By interacting with the Data Explorer view, the user can get insights on the columns statistical properties and can apply the domain expertise to remove irrelevant columns. The output data table of the Data Explorer node will contain only the columns that remained after the selection process in the node view.
The workflow used in this video is available on the public KNIME EXAMPLES server under
To install a KNIME Extension, follow instructions in this video: https://youtu.be/8HMx3mjJXiw
The KNIME workflow in this video contains data from WeatherUnderground.com, from the Austin KATT station, which is released under GPLv2.

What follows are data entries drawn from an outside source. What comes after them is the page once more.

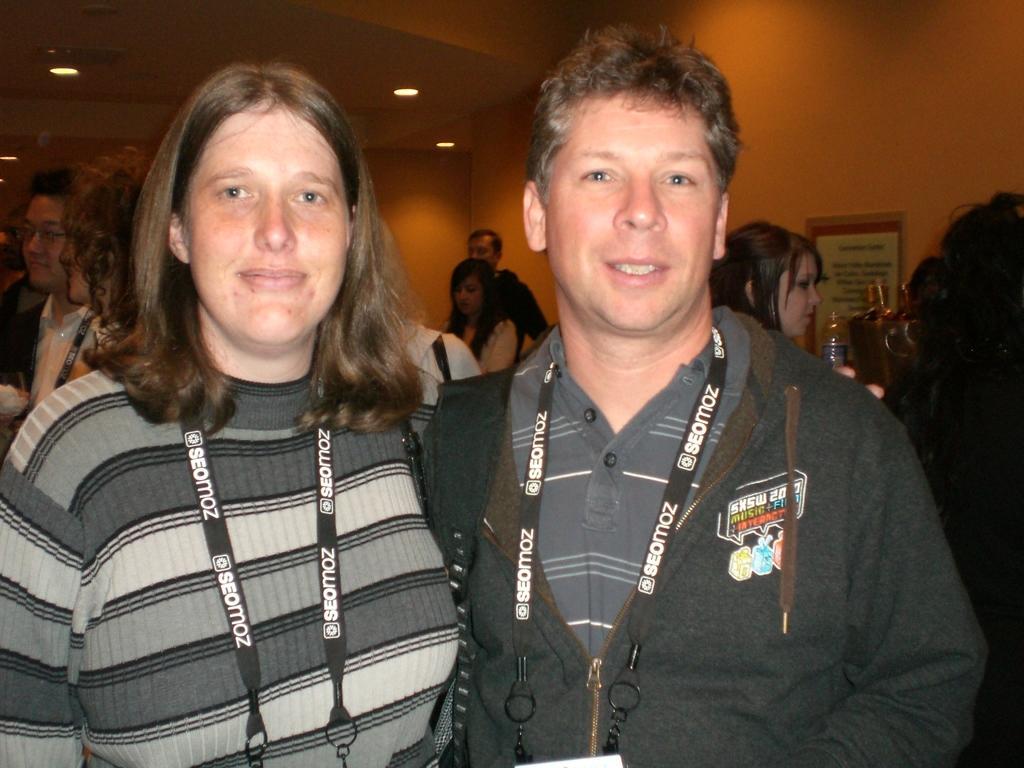Can you describe this image briefly? In the middle of the image we can see a man and a woman. In the background we can see people, wall, ceiling, lights, board, bottle, and other objects. 
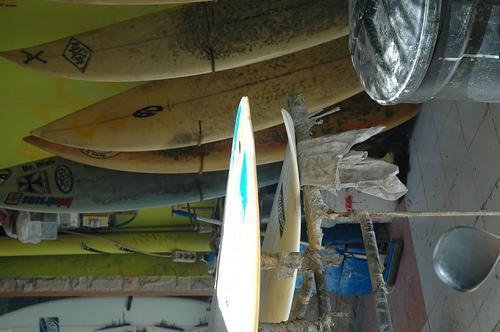How many surfboards are visible?
Give a very brief answer. 7. 
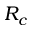Convert formula to latex. <formula><loc_0><loc_0><loc_500><loc_500>R _ { c }</formula>

Data source: https://www.wunderground.com/history/airport/KATT/
Data license: https://www.gnu.org/licenses/old-licenses/gpl-2.0.en.html
- Read the adult.csv dataset.
- How many different education levels are represented in the data?
- In the interactive view, exclude the columns including missing values.
- Which of the columns contain missing values? How many missing values each?
In the data, there are 16 unique values in the “education” column. The “workclass” column contains 1,836 missing values, the “occupation” column contains 1,843 missing values and the “native-country” column contains 583 missing values. Exclude these column by first selecting them in the interactive view and then clicking “Apply” and “Close”. Check the output table that it does not contain these columns.